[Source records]

__________

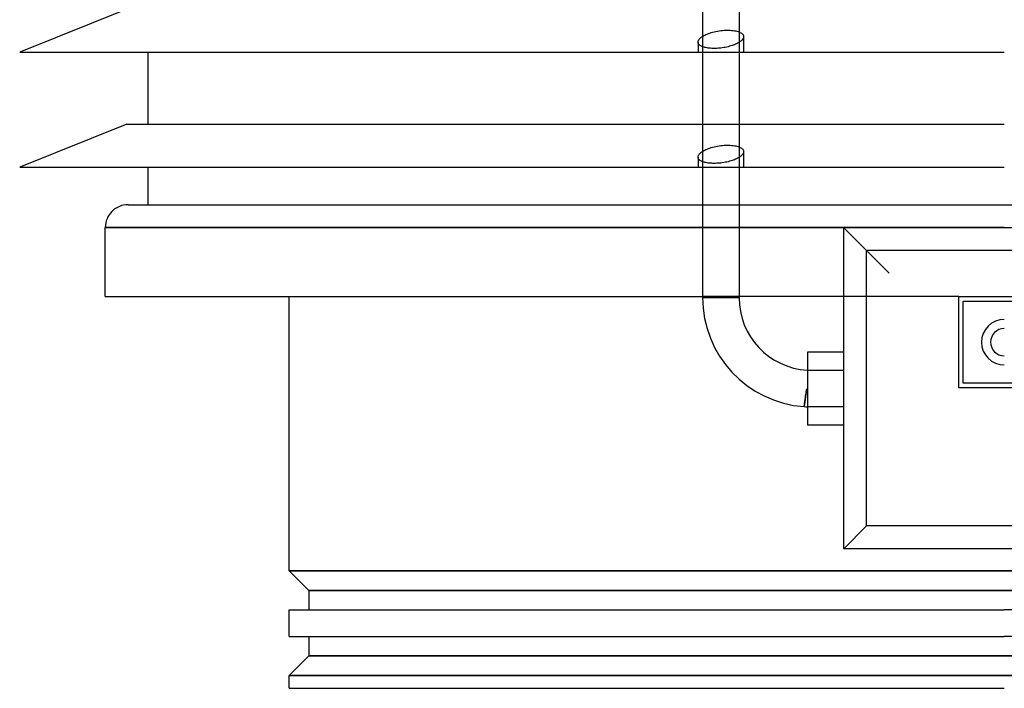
# Model space of a CAD drawing. Header units: millimetres. Extents: x -235 to 235, y -288 to 0.
# Tile 1 of 3: x -216 to 0, y -288 to -141. Entities that reach past the tile are written whole.
import ezdxf

# ---------------------------------------------------------------- set-up
doc = ezdxf.new("R2010")
doc.units = ezdxf.units.MM
doc.layers.add('HIDDEN', color=7, linetype='Continuous')
doc.layers.add('THICK', color=7, linetype='Continuous')

msp = doc.modelspace()

# ---------------------------------------------------------------- linework, layer by layer
at = {"layer": 'HIDDEN'}
for p, q in [((-66.25, -144.84), (-66.03, -144.7)), ((-66.03, -144.7), (-65.79, -144.58)), ((-65.79, -144.58), (-65.53, -144.45)), ((-65.53, -144.45), (-65.25, -144.33)), ((-65.25, -144.33), (-64.97, -144.22)), ((-64.97, -144.22), (-64.67, -144.11)), ((-64.67, -144.11), (-64.36, -144.02)), ((-64.36, -144.02), (-64.04, -143.92)), ((-64.04, -143.92), (-63.7, -143.84)), ((-63.7, -143.84), (-63.35, -143.76)), ((-63.35, -143.76), (-62.99, -143.69)), ((-62.99, -143.69), (-62.62, -143.63)), ((-62.62, -143.63), (-62.25, -143.58)), ((-62.25, -143.58), (-61.89, -143.54)), ((-61.89, -143.54), (-61.53, -143.51)), ((-61.53, -143.51), (-61.18, -143.49)), ((-61.18, -143.49), (-60.84, -143.49)), ((-60.84, -143.49), (-60.51, -143.49)), ((-60.51, -143.49), (-60.19, -143.5)), ((-60.19, -143.5), (-59.87, -143.52)), ((-59.87, -143.52), (-59.56, -143.56)), ((-59.56, -143.56), (-59.26, -143.6)), ((-59.26, -143.6), (-58.98, -143.66)), ((-58.98, -143.66), (-58.71, -143.72)), ((-58.71, -143.72), (-58.47, -143.79)), ((-58.47, -143.79), (-58.25, -143.87)), ((-67.25, -146.1), (-67.25, -148.28)), ((-58.25, -146.18), (-58.25, -148.28)), ((-57.25, -144.91), (-57.25, -148.28)), ((-66.25, -147.11), (-66.25, -148.28)), ((-66.25, -164.12), (-58.25, -164.12)), ((-66.25, -170.09), (-66.03, -169.95)), ((-66.03, -169.95), (-65.79, -169.83)), ((-65.79, -169.83), (-65.53, -169.7)), ((-65.53, -169.7), (-65.25, -169.58)), ((-65.25, -169.58), (-64.97, -169.47)), ((-64.97, -169.47), (-64.67, -169.36)), ((-64.67, -169.36), (-64.36, -169.27)), ((-64.36, -169.27), (-64.04, -169.17)), ((-64.04, -169.17), (-63.7, -169.09)), ((-63.7, -169.09), (-63.35, -169.01)), ((-63.35, -169.01), (-62.99, -168.94)), ((-62.99, -168.94), (-62.62, -168.88)), ((-62.62, -168.88), (-62.25, -168.83)), ((-62.25, -168.83), (-61.89, -168.79)), ((-61.89, -168.79), (-61.53, -168.76)), ((-61.53, -168.76), (-61.18, -168.74)), ((-61.18, -168.74), (-60.84, -168.74)), ((-60.84, -168.74), (-60.51, -168.74)), ((-60.51, -168.74), (-60.19, -168.75)), ((-60.19, -168.75), (-59.87, -168.77)), ((-59.87, -168.77), (-59.56, -168.81)), ((-59.56, -168.81), (-59.26, -168.85)), ((-59.26, -168.85), (-58.98, -168.91)), ((-58.98, -168.91), (-58.71, -168.97)), ((-58.71, -168.97), (-58.47, -169.04)), ((-58.47, -169.04), (-58.25, -169.12)), ((-57.25, -170.16), (-57.25, -173.53)), ((-67.25, -171.35), (-67.25, -173.53)), ((-66.25, -172.36), (-66.25, -173.53)), ((-58.25, -171.43), (-58.25, -173.53)), ((-66.25, -181.8), (-58.25, -181.8)), ((-197.4, -186.8), (0, -186.8)), ((-58.25, -186.8), (-66.25, -186.8)), ((-35.25, -186.85), (-35.25, -186.85)), ((0, -186.8), (197.4, -186.8)), ((-58.25, -202), (-66.25, -202)), ((-66.25, -202.2), (-62.25, -202.2)), ((-62.25, -202.2), (-58.25, -202.2)), ((-35.25, -202), (-35.25, -202)), ((-10, -202), (-35.25, -202)), ((-10, -202), (-10, -202)), ((-9, -203), (-9, -203)), ((-35.25, -218.2), (-43.25, -218.2)), ((-43.43, -222.65), (-43.45, -222.77)), ((-43.4, -222.52), (-43.43, -222.65)), ((-43.37, -222.4), (-43.4, -222.52)), ((-43.32, -222.28), (-43.37, -222.4)), ((-43.25, -222.19), (-43.32, -222.28)), ((-10, -222), (-10, -222)), ((-9, -221), (-9, -221)), ((-43.76, -224.78), (-43.78, -224.87)), ((-43.75, -224.68), (-43.76, -224.78)), ((-43.74, -224.59), (-43.75, -224.68)), ((-43.73, -224.49), (-43.74, -224.59)), ((-43.71, -224.39), (-43.73, -224.49)), ((-43.7, -224.29), (-43.71, -224.39)), ((-43.68, -224.18), (-43.7, -224.29)), ((-43.67, -224.07), (-43.68, -224.18)), ((-43.65, -223.96), (-43.67, -224.07)), ((-43.63, -223.84), (-43.65, -223.96)), ((-43.62, -223.73), (-43.63, -223.84)), ((-43.6, -223.61), (-43.62, -223.73)), ((-43.58, -223.49), (-43.6, -223.61)), ((-43.56, -223.37), (-43.58, -223.49)), ((-43.54, -223.25), (-43.56, -223.37)), ((-43.52, -223.13), (-43.54, -223.25)), ((-43.5, -223.02), (-43.52, -223.13)), ((-43.48, -222.9), (-43.5, -223.02)), ((-43.45, -222.77), (-43.48, -222.9)), ((-43.93, -226.12), (-43.94, -226.13)), ((-43.94, -226.13), (-43.94, -226.14)), ((-43.94, -226.14), (-43.94, -226.14)), ((-43.92, -226.04), (-43.93, -226.07)), ((-43.93, -226.07), (-43.93, -226.09)), ((-43.93, -226.09), (-43.93, -226.11)), ((-43.93, -226.11), (-43.93, -226.12)), ((-43.91, -225.94), (-43.92, -225.98)), ((-43.92, -225.98), (-43.92, -226.01)), ((-43.92, -226.01), (-43.92, -226.04)), ((-43.9, -225.86), (-43.91, -225.9)), ((-43.91, -225.9), (-43.91, -225.94)), ((-43.89, -225.76), (-43.9, -225.81)), ((-43.9, -225.81), (-43.9, -225.86)), ((-43.88, -225.7), (-43.89, -225.76)), ((-43.87, -225.59), (-43.88, -225.65)), ((-43.88, -225.65), (-43.88, -225.7)), ((-43.86, -225.52), (-43.87, -225.59)), ((-43.85, -225.45), (-43.86, -225.52)), ((-43.84, -225.38), (-43.85, -225.45)), ((-43.83, -225.3), (-43.84, -225.38)), ((-43.82, -225.22), (-43.83, -225.3)), ((-43.81, -225.14), (-43.82, -225.22)), ((-43.8, -225.05), (-43.81, -225.14)), ((-43.79, -224.96), (-43.8, -225.05)), ((-43.78, -224.87), (-43.79, -224.96)), ((-35.25, -226.2), (-43.25, -226.2)), ((-35.25, -257.35), (-35.25, -257.35)), ((0, -262.2), (-157, -262.2)), ((157, -262.2), (0, -262.2)), ((-152.7, -266.5), (152.7, -266.5)), ((152.7, -280.9), (-152.7, -280.9)), ((-157, -285.2), (0, -285.2)), ((0, -285.2), (157, -285.2))]:
    msp.add_line(p, q, dxfattribs=at)
at = {"layer": 'THICK'}
for p, q in [((-66.25, -123.03), (-66.25, -147.11)), ((-58.25, -123.03), (-58.25, -146.18)), ((-192.7, -138.87), (-216.2, -148.28)), ((-66.41, -144.94), (-66.25, -144.84)), ((-58.25, -143.87), (-58.04, -143.96)), ((-58.04, -143.96), (-57.86, -144.06)), ((-57.86, -144.06), (-57.71, -144.16)), ((-57.71, -144.16), (-57.57, -144.27)), ((-57.57, -144.27), (-57.45, -144.39)), ((-57.45, -144.39), (-57.36, -144.52)), ((-57.36, -144.52), (-57.3, -144.64)), ((-57.3, -144.64), (-57.26, -144.78)), ((-57.26, -144.78), (-57.25, -144.92)), ((-67.25, -146.1), (-67.24, -145.99)), ((-67.24, -146.21), (-67.25, -146.1)), ((-67.24, -145.99), (-67.22, -145.89)), ((-67.22, -146.31), (-67.24, -146.21)), ((-67.22, -145.89), (-67.18, -145.78)), ((-67.18, -146.41), (-67.22, -146.31)), ((-67.18, -145.78), (-67.13, -145.67)), ((-67.12, -146.51), (-67.18, -146.41)), ((-67.13, -145.67), (-67.06, -145.57)), ((-67.05, -146.61), (-67.12, -146.51)), ((-67.06, -145.57), (-66.99, -145.46)), ((-66.96, -146.7), (-67.05, -146.61)), ((-66.99, -145.46), (-66.9, -145.36)), ((-66.86, -146.79), (-66.96, -146.7)), ((-66.9, -145.36), (-66.8, -145.25)), ((-66.75, -146.87), (-66.86, -146.79)), ((-66.8, -145.25), (-66.68, -145.15)), ((-66.62, -146.95), (-66.75, -146.87)), ((-66.68, -145.15), (-66.55, -145.05)), ((-66.47, -147.02), (-66.62, -146.95)), ((-66.55, -145.05), (-66.41, -144.94)), ((-60.05, -146.95), (-60.34, -147.03)), ((-59.78, -146.86), (-60.05, -146.95)), ((-59.52, -146.77), (-59.78, -146.86)), ((-59.26, -146.68), (-59.52, -146.77)), ((-59.02, -146.57), (-59.26, -146.68)), ((-58.78, -146.47), (-59.02, -146.57)), ((-58.56, -146.35), (-58.78, -146.47)), ((-58.35, -146.24), (-58.56, -146.35)), ((-58.16, -146.12), (-58.35, -146.24)), ((-57.99, -146), (-58.16, -146.12)), ((-57.84, -145.88), (-57.99, -146)), ((-57.7, -145.76), (-57.84, -145.88)), ((-57.58, -145.64), (-57.7, -145.76)), ((-57.48, -145.52), (-57.58, -145.64)), ((-57.4, -145.4), (-57.48, -145.52)), ((-57.34, -145.28), (-57.4, -145.4)), ((-57.29, -145.16), (-57.34, -145.28)), ((-57.26, -145.04), (-57.29, -145.16)), ((-57.25, -144.92), (-57.26, -145.04)), ((-216.2, -148.28), (0, -148.28)), ((-188, -164.12), (-188, -148.28)), ((-66.31, -147.09), (-66.47, -147.02)), ((-66.13, -147.16), (-66.31, -147.09)), ((-66.25, -148.28), (-66.25, -172.36)), ((-65.94, -147.22), (-66.13, -147.16)), ((-65.73, -147.27), (-65.94, -147.22)), ((-65.51, -147.32), (-65.73, -147.27)), ((-65.28, -147.37), (-65.51, -147.32)), ((-65.04, -147.4), (-65.28, -147.37)), ((-64.78, -147.43), (-65.04, -147.4)), ((-64.52, -147.46), (-64.78, -147.43)), ((-64.25, -147.47), (-64.52, -147.46)), ((-63.98, -147.48), (-64.25, -147.47)), ((-63.71, -147.48), (-63.98, -147.48)), ((-63.43, -147.48), (-63.71, -147.48)), ((-63.14, -147.47), (-63.43, -147.48)), ((-62.85, -147.45), (-63.14, -147.47)), ((-62.55, -147.43), (-62.85, -147.45)), ((-62.25, -147.4), (-62.55, -147.43)), ((-61.92, -147.35), (-62.25, -147.4)), ((-61.59, -147.3), (-61.92, -147.35)), ((-61.26, -147.25), (-61.59, -147.3)), ((-60.95, -147.18), (-61.26, -147.25)), ((-60.64, -147.11), (-60.95, -147.18)), ((-60.34, -147.03), (-60.64, -147.11)), ((-58.25, -148.28), (-58.25, -171.43)), ((-192.7, -164.12), (-216.2, -173.53)), ((-192.7, -164.12), (-66.25, -164.12)), ((-58.25, -164.12), (0, -164.12)), ((-67.06, -170.82), (-66.99, -170.71)), ((-66.99, -170.71), (-66.9, -170.61)), ((-66.9, -170.61), (-66.8, -170.5)), ((-66.8, -170.5), (-66.68, -170.4)), ((-66.68, -170.4), (-66.55, -170.3)), ((-66.55, -170.3), (-66.41, -170.19)), ((-66.41, -170.19), (-66.25, -170.09)), ((-58.25, -169.12), (-58.04, -169.21)), ((-58.04, -169.21), (-57.86, -169.31)), ((-57.86, -169.31), (-57.71, -169.41)), ((-57.71, -169.41), (-57.57, -169.52)), ((-57.48, -170.77), (-57.58, -170.89)), ((-57.57, -169.52), (-57.45, -169.64)), ((-57.4, -170.65), (-57.48, -170.77)), ((-57.45, -169.64), (-57.36, -169.77)), ((-57.34, -170.53), (-57.4, -170.65)), ((-57.36, -169.77), (-57.3, -169.89)), ((-57.29, -170.41), (-57.34, -170.53)), ((-57.3, -169.89), (-57.26, -170.03)), ((-57.26, -170.29), (-57.29, -170.41)), ((-57.26, -170.03), (-57.25, -170.17)), ((-57.25, -170.17), (-57.26, -170.29)), ((-67.25, -171.35), (-67.24, -171.24)), ((-67.24, -171.46), (-67.25, -171.35)), ((-67.24, -171.24), (-67.22, -171.14)), ((-67.22, -171.56), (-67.24, -171.46)), ((-67.22, -171.14), (-67.18, -171.03)), ((-67.18, -171.66), (-67.22, -171.56)), ((-67.18, -171.03), (-67.13, -170.92)), ((-67.12, -171.76), (-67.18, -171.66)), ((-67.13, -170.92), (-67.06, -170.82)), ((-67.05, -171.86), (-67.12, -171.76)), ((-66.96, -171.95), (-67.05, -171.86)), ((-66.86, -172.04), (-66.96, -171.95)), ((-66.75, -172.12), (-66.86, -172.04)), ((-66.62, -172.2), (-66.75, -172.12)), ((-66.47, -172.27), (-66.62, -172.2)), ((-66.31, -172.34), (-66.47, -172.27)), ((-66.13, -172.41), (-66.31, -172.34)), ((-65.94, -172.47), (-66.13, -172.41)), ((-65.73, -172.52), (-65.94, -172.47)), ((-65.51, -172.57), (-65.73, -172.52)), ((-65.28, -172.62), (-65.51, -172.57)), ((-65.04, -172.65), (-65.28, -172.62)), ((-64.78, -172.68), (-65.04, -172.65)), ((-64.52, -172.71), (-64.78, -172.68)), ((-64.25, -172.72), (-64.52, -172.71)), ((-63.98, -172.73), (-64.25, -172.72)), ((-63.71, -172.73), (-63.98, -172.73)), ((-63.43, -172.73), (-63.71, -172.73)), ((-63.14, -172.72), (-63.43, -172.73)), ((-62.85, -172.7), (-63.14, -172.72)), ((-62.55, -172.68), (-62.85, -172.7)), ((-62.25, -172.65), (-62.55, -172.68)), ((-61.92, -172.6), (-62.25, -172.65)), ((-61.59, -172.55), (-61.92, -172.6)), ((-61.26, -172.5), (-61.59, -172.55)), ((-60.95, -172.43), (-61.26, -172.5)), ((-60.64, -172.36), (-60.95, -172.43)), ((-60.34, -172.28), (-60.64, -172.36)), ((-60.05, -172.2), (-60.34, -172.28)), ((-59.78, -172.11), (-60.05, -172.2)), ((-59.52, -172.02), (-59.78, -172.11)), ((-59.26, -171.93), (-59.52, -172.02)), ((-59.02, -171.82), (-59.26, -171.93)), ((-58.78, -171.72), (-59.02, -171.82)), ((-58.56, -171.6), (-58.78, -171.72)), ((-58.35, -171.49), (-58.56, -171.6)), ((-58.16, -171.37), (-58.35, -171.49)), ((-57.99, -171.25), (-58.16, -171.37)), ((-57.84, -171.13), (-57.99, -171.25)), ((-57.7, -171.01), (-57.84, -171.13)), ((-57.58, -170.89), (-57.7, -171.01)), ((-216.2, -173.53), (0, -173.53)), ((-188, -181.8), (-188, -173.53)), ((-66.25, -173.53), (-66.25, -202.2)), ((-58.25, -173.53), (-58.25, -202.2)), ((-192.4, -181.8), (-66.25, -181.8)), ((-58.25, -181.8), (0, -181.8)), ((0, -181.8), (192.4, -181.8)), ((-66.25, -186.8), (-197.4, -186.8)), ((-197.4, -202), (-197.4, -186.8)), ((0, -186.8), (-58.25, -186.8)), ((-35.25, -257.35), (-35.25, -186.85)), ((35.25, -186.85), (-35.25, -186.85)), ((-35.25, -186.85), (-25.25, -196.85)), ((30.25, -191.85), (-30.25, -191.85)), ((-30.25, -252.35), (-30.25, -191.85)), ((-197.4, -202), (-66.25, -202)), ((-157, -262.2), (-157, -202)), ((-66.25, -202.2), (-62.25, -202.2)), ((-58.25, -202.2), (-62.25, -202.2)), ((-35.25, -202), (-58.25, -202)), ((-10, -202), (10, -202)), ((-10, -222), (-10, -202)), ((-9, -203), (9, -203)), ((-9, -221), (-9, -203)), ((-35.25, -214.2), (-43.25, -214.2)), ((-43.25, -214.2), (-43.25, -218.2)), ((-43.25, -218.2), (-43.25, -226.2)), ((-35.25, -218.2), (-43.25, -218.2)), ((-43.44, -222.7), (-43.4, -222.52)), ((-43.4, -222.52), (-43.35, -222.34)), ((-43.35, -222.34), (-43.25, -222.19)), ((10, -222), (-10, -222)), ((9, -221), (-9, -221)), ((-43.79, -224.96), (-43.77, -224.83)), ((-43.77, -224.83), (-43.75, -224.69)), ((-43.75, -224.69), (-43.73, -224.55)), ((-43.73, -224.55), (-43.71, -224.41)), ((-43.71, -224.41), (-43.69, -224.25)), ((-43.69, -224.25), (-43.67, -224.09)), ((-43.67, -224.09), (-43.65, -223.93)), ((-43.65, -223.93), (-43.62, -223.75)), ((-43.62, -223.75), (-43.59, -223.58)), ((-43.59, -223.58), (-43.57, -223.4)), ((-43.57, -223.4), (-43.54, -223.23)), ((-43.54, -223.23), (-43.51, -223.06)), ((-43.51, -223.06), (-43.48, -222.88)), ((-43.48, -222.88), (-43.44, -222.7)), ((-43.94, -226.14), (-43.93, -226.12)), ((-43.94, -226.14), (-43.94, -226.14)), ((-43.93, -226.07), (-43.92, -226.03)), ((-43.93, -226.1), (-43.93, -226.07)), ((-43.93, -226.12), (-43.93, -226.1)), ((-43.92, -225.99), (-43.91, -225.93)), ((-43.92, -226.03), (-43.92, -225.99)), ((-43.91, -225.93), (-43.9, -225.87)), ((-43.9, -225.87), (-43.89, -225.8)), ((-43.89, -225.8), (-43.88, -225.72)), ((-43.88, -225.72), (-43.87, -225.64)), ((-43.87, -225.64), (-43.86, -225.55)), ((-43.86, -225.55), (-43.85, -225.44)), ((-43.85, -225.44), (-43.84, -225.33)), ((-43.84, -225.33), (-43.82, -225.22)), ((-43.82, -225.22), (-43.8, -225.09)), ((-43.8, -225.09), (-43.79, -224.96)), ((-43.25, -226.2), (-43.25, -230.2)), ((-35.25, -226.2), (-43.25, -226.2)), ((-35.25, -230.2), (-43.25, -230.2)), ((-35.25, -257.35), (-30.25, -252.35)), ((30.25, -252.35), (-30.25, -252.35)), ((35.25, -257.35), (-35.25, -257.35)), ((-157, -262.2), (-152.7, -266.5)), ((-157, -262.2), (0, -262.2)), ((0, -262.2), (157, -262.2)), ((-152.7, -266.5), (-152.7, -270.8)), ((152.7, -266.5), (-152.7, -266.5)), ((-157, -270.8), (0, -270.8)), ((-157, -276.6), (-157, -270.8)), ((157, -270.8), (0, -270.8)), ((-157, -276.6), (0, -276.6)), ((-152.7, -276.6), (-152.7, -280.9)), ((157, -276.6), (0, -276.6)), ((-152.7, -280.9), (-157, -285.2)), ((-152.7, -280.9), (152.7, -280.9)), ((0, -285.2), (-157, -285.2)), ((-157, -288), (-157, -285.2)), ((157, -285.2), (0, -285.2)), ((-157, -288), (0, -288))]:
    msp.add_line(p, q, dxfattribs=at)
for centre, radius, start, end in [((-192.4, -186.8), 5, 89.9999, 180), ((-42.25, -202.2), 24, 180, 265.9709), ((-42.25, -202.2), 16, 180, 266.4167), ((0, -212), 5, 90, 270), ((0, -212), 3, 90, 270), ((-43.25, -222.2), 4, 260.1207, 270)]:
    msp.add_arc(centre, radius, start, end, dxfattribs=at)

doc.saveas('drawing.dxf')

__________

| Activity |
For every line above that holds the word "radius", report the whole line.

| Expected output |
for centre, radius, start, end in [((-192.4, -186.8), 5, 89.9999, 180), ((-42.25, -202.2), 24, 180, 265.9709), ((-42.25, -202.2), 16, 180, 266.4167), ((0, -212), 5, 90, 270), ((0, -212), 3, 90, 270), ((-43.25, -222.2), 4, 260.1207, 270)]:
    msp.add_arc(centre, radius, start, end, dxfattribs=at)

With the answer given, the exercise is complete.